What needs to be done » Each record that follows should be repeated exactly, minus any images.

Collection entries »
- - - - -

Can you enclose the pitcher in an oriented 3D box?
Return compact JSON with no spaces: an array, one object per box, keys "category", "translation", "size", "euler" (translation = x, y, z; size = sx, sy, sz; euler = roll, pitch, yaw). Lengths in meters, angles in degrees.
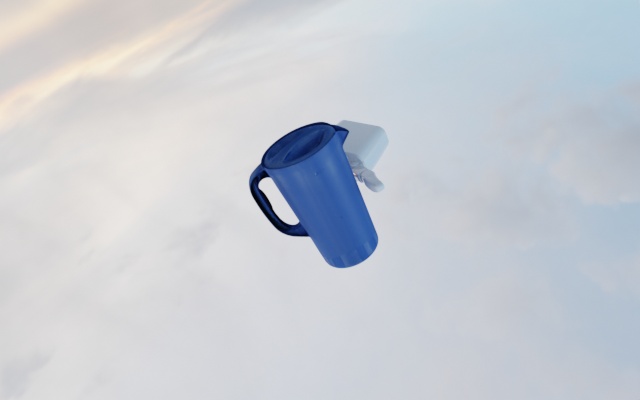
[{"category":"pitcher","translation":[0.000,0.003,0.819],"size":[0.149,0.243,0.145],"euler":[-2,38,38]}]
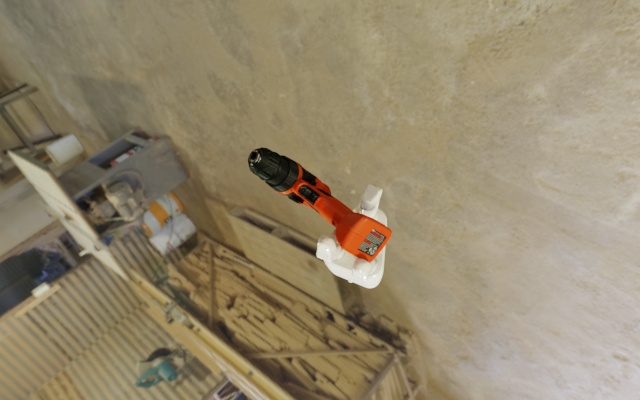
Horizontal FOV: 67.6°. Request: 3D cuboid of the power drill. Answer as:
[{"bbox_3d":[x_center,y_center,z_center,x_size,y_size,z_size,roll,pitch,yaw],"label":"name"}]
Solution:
[{"bbox_3d":[0.000,0.003,0.671,0.187,0.057,0.184,40,7,35],"label":"power drill"}]
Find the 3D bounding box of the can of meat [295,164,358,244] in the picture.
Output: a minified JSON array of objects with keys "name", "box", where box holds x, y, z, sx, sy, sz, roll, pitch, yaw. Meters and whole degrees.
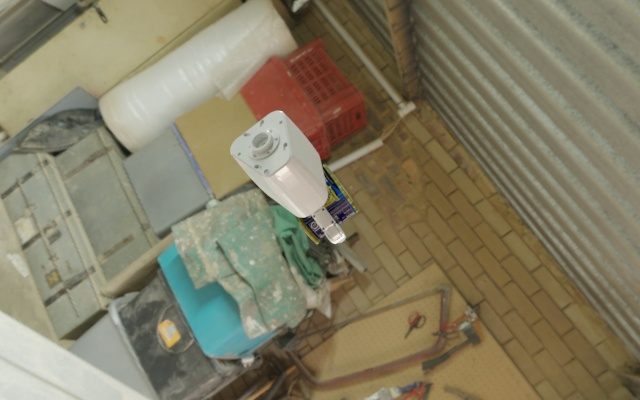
[{"name":"can of meat","box":[0.000,0.002,0.740,0.084,0.102,0.057,-37,-43,4]}]
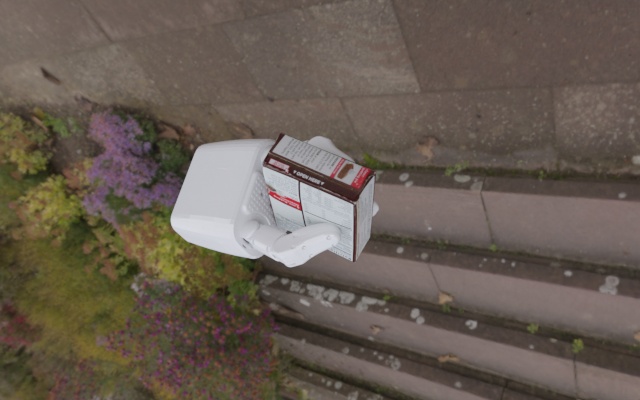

- - - - -

Result for this exercise »
Can you enclose the pitcher in an oriented 3D box?
Return compact JSON with no spaces: an array, one object per box, keys "category", "translation", "size", "euler" (translation = x, y, z; size = sx, sy, sz; euler = roll, pitch, yaw). Lengths in meters, angles in degrees.
[{"category":"pitcher","translation":[0.000,0.003,0.819],"size":[0.149,0.243,0.145],"euler":[-2,38,38]}]
Horizontal FOV: 67.6°. Request: 3D cuboid of the power drill. Answer as:
[{"bbox_3d":[x_center,y_center,z_center,x_size,y_size,z_size,roll,pitch,yaw],"label":"name"}]
Solution:
[{"bbox_3d":[0.000,0.003,0.671,0.187,0.057,0.184,40,7,35],"label":"power drill"}]
Find the 3D bounding box of the can of meat [295,164,358,244] in the picture.
Output: a minified JSON array of objects with keys "name", "box", where box holds x, y, z, sx, sy, sz, roll, pitch, yaw. Meters and whole degrees.
[{"name":"can of meat","box":[0.000,0.002,0.740,0.084,0.102,0.057,-37,-43,4]}]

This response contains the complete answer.